The chi square test on a large data set like the Young People survey data is a good opportunity to recall what we have learned about multiple hypothesis testing. We have 150 columns of data in this data set. Therefore, I have the oppurtunity to run:

`## [1] 11175`

different \(\chi^2\) tests to look for relationships between variables. If I run all of these tests using a significance threshold of \(\alpha=0.01\) they I can expect to make:

`## [1] 111.75`

Type I errors (that is False Positives). That is quite a few errors! If we estimate that 20 of these columns are actually related and our tests find everyone of these then we would have made over 5 incorrect predictions for every 1 correct one. That is not a good ratio!

The solution is to only run these statistical tests when we actually have some reason to suspect that the two columns may be related.

### 17.2.3 Using a different Null Hypothesis

By default the \(\chi^2\) test will assume we want to test our data against the uniform null hypothesis. Where attributes are assigned uniformly within each row/column, however we can change this is we have some reason to.

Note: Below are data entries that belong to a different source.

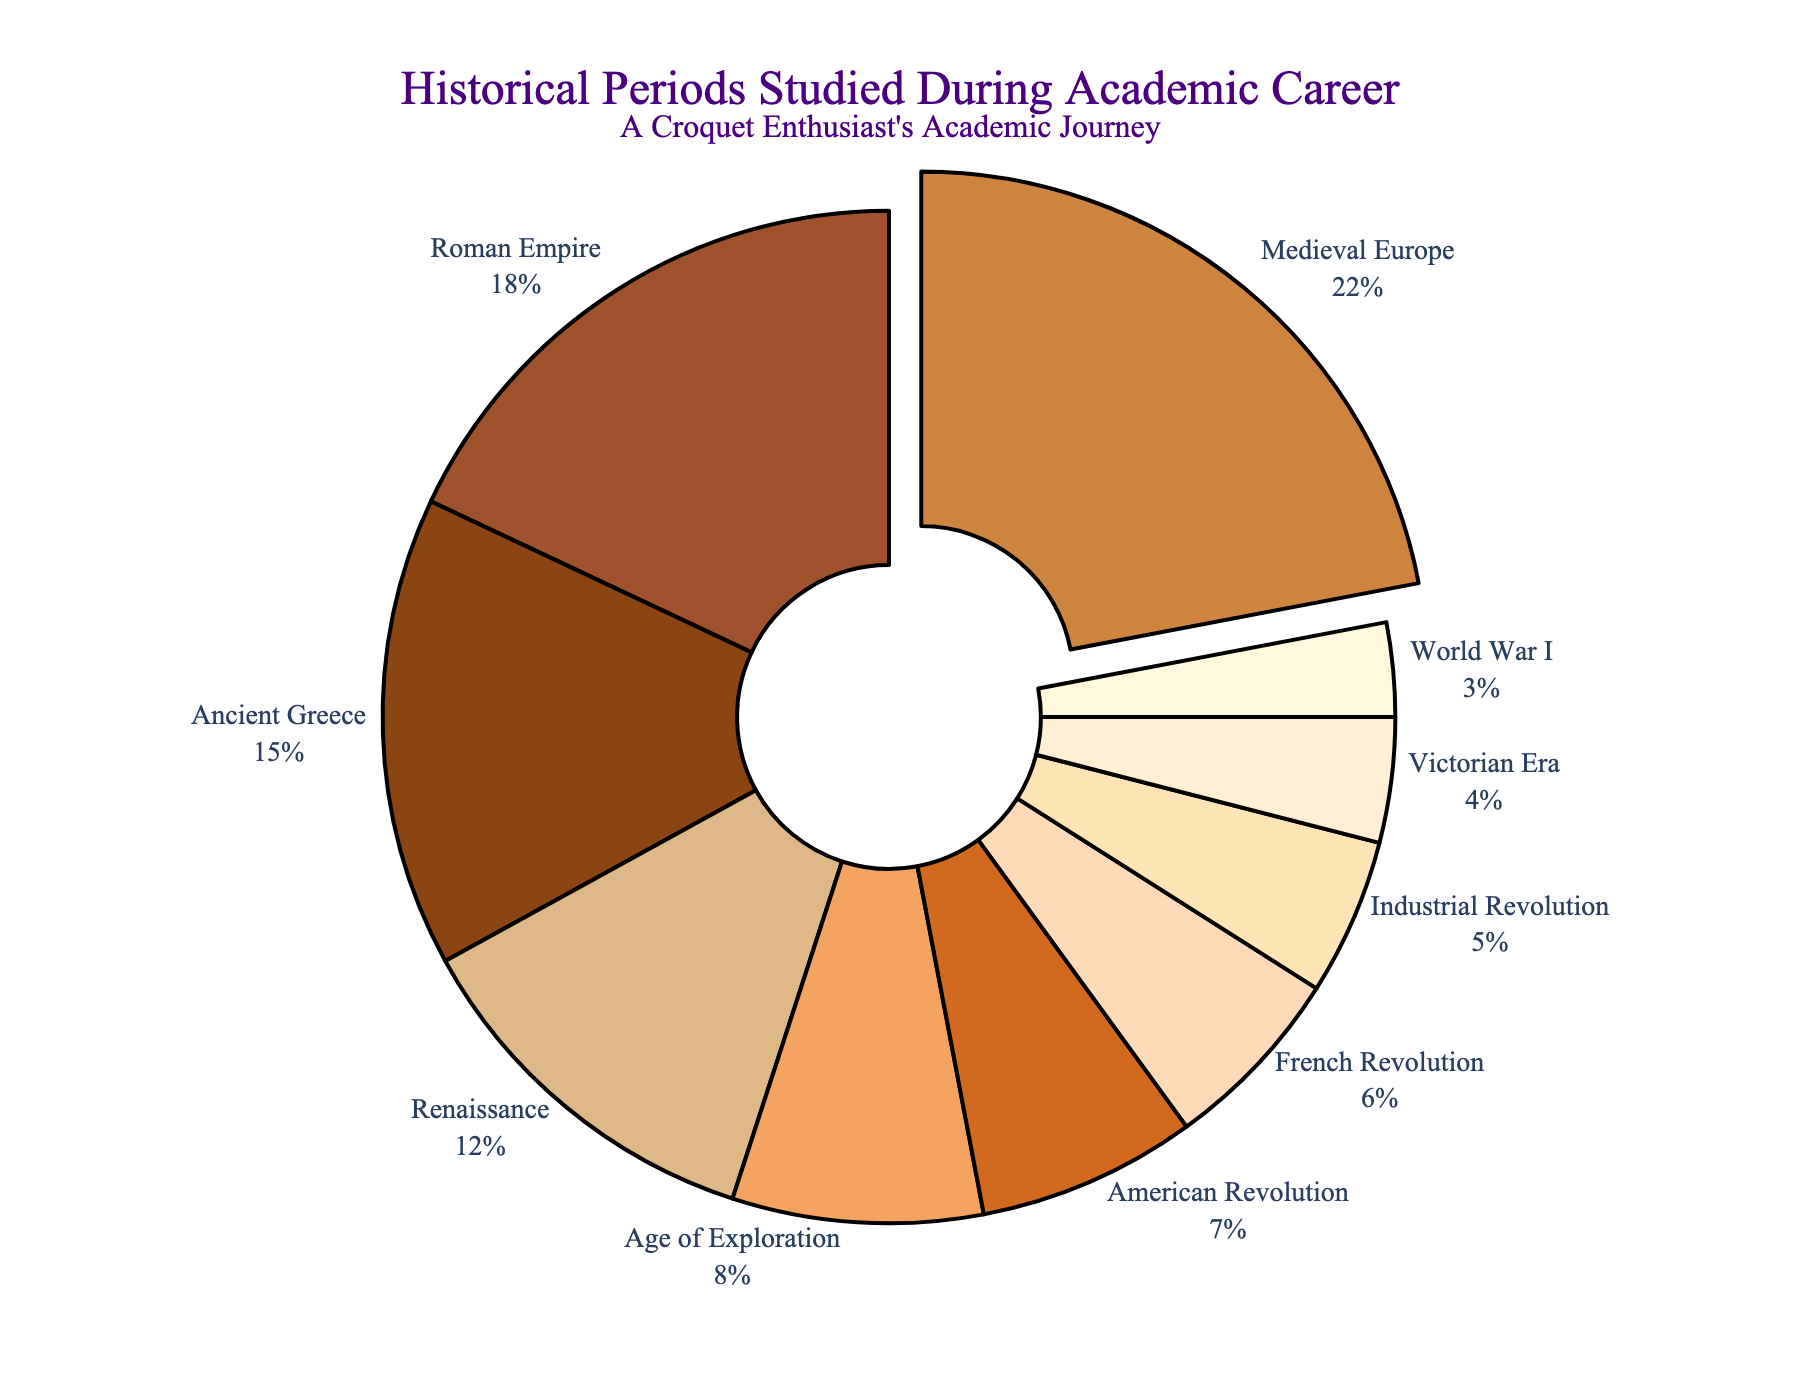What's the largest historical period studied during the academic career? The pie chart shows that Medieval Europe has the largest segment with 22%.
Answer: Medieval Europe Which historical period has the smallest percentage of study? The pie chart shows that World War I has the smallest segment with 3%.
Answer: World War I Between the Roman Empire and Ancient Greece, which period was studied more and by how much? Roman Empire (18%) is studied more than Ancient Greece (15%). The difference is 18% - 15% = 3%.
Answer: Roman Empire by 3% What is the combined percentage of studying the French Revolution and the American Revolution? The chart shows that the French Revolution is 6% and the American Revolution is 7%. Adding them: 6% + 7% = 13%.
Answer: 13% Which historical period is represented by a darker brown color? Medieval Europe is represented by a darker brown color and has the largest percentage of 22%.
Answer: Medieval Europe How much more was the Renaissance studied compared to the Industrial Revolution? The Renaissance is 12% and the Industrial Revolution is 5%. The difference is 12% - 5% = 7%.
Answer: 7% What percentage of study was dedicated to periods before the year 1000 AD (Ancient Greece, Roman Empire, Medieval Europe)? Ancient Greece (15%), Roman Empire (18%), and Medieval Europe (22%) combined: 15% + 18% + 22% = 55%.
Answer: 55% What is the joint percentage of the Victorian Era and World War I studies? Victorian Era is 4% and World War I is 3%. Adding them: 4% + 3% = 7%.
Answer: 7% Which period studied is represented by the lightest color on the chart? The Victorian Era is represented by the lightest color and has a percentage of 4%.
Answer: Victorian Era How many periods have a study percentage that is less than the Age of Exploration's percentage? The Age of Exploration has 8%. The periods less than this are American Revolution (7%), French Revolution (6%), Industrial Revolution (5%), Victorian Era (4%), and World War I (3%), totaling 5 periods.
Answer: 5

For example, lets suppose we are tasked with investigating the hiring practices of a business for discrimination based on age. Lets say the company has 100 employees and only 8 of them are older than 65. According to the census bureau 15.2% of the US population is over 65. Can we conclude that the percentage of older employees at the company differs from the population as a whole?

The null hypothesis here is that we have 84.8% Young and 15.2% old. We can tell `R`

to use this null hypothesis in the \(\chi^2\) test .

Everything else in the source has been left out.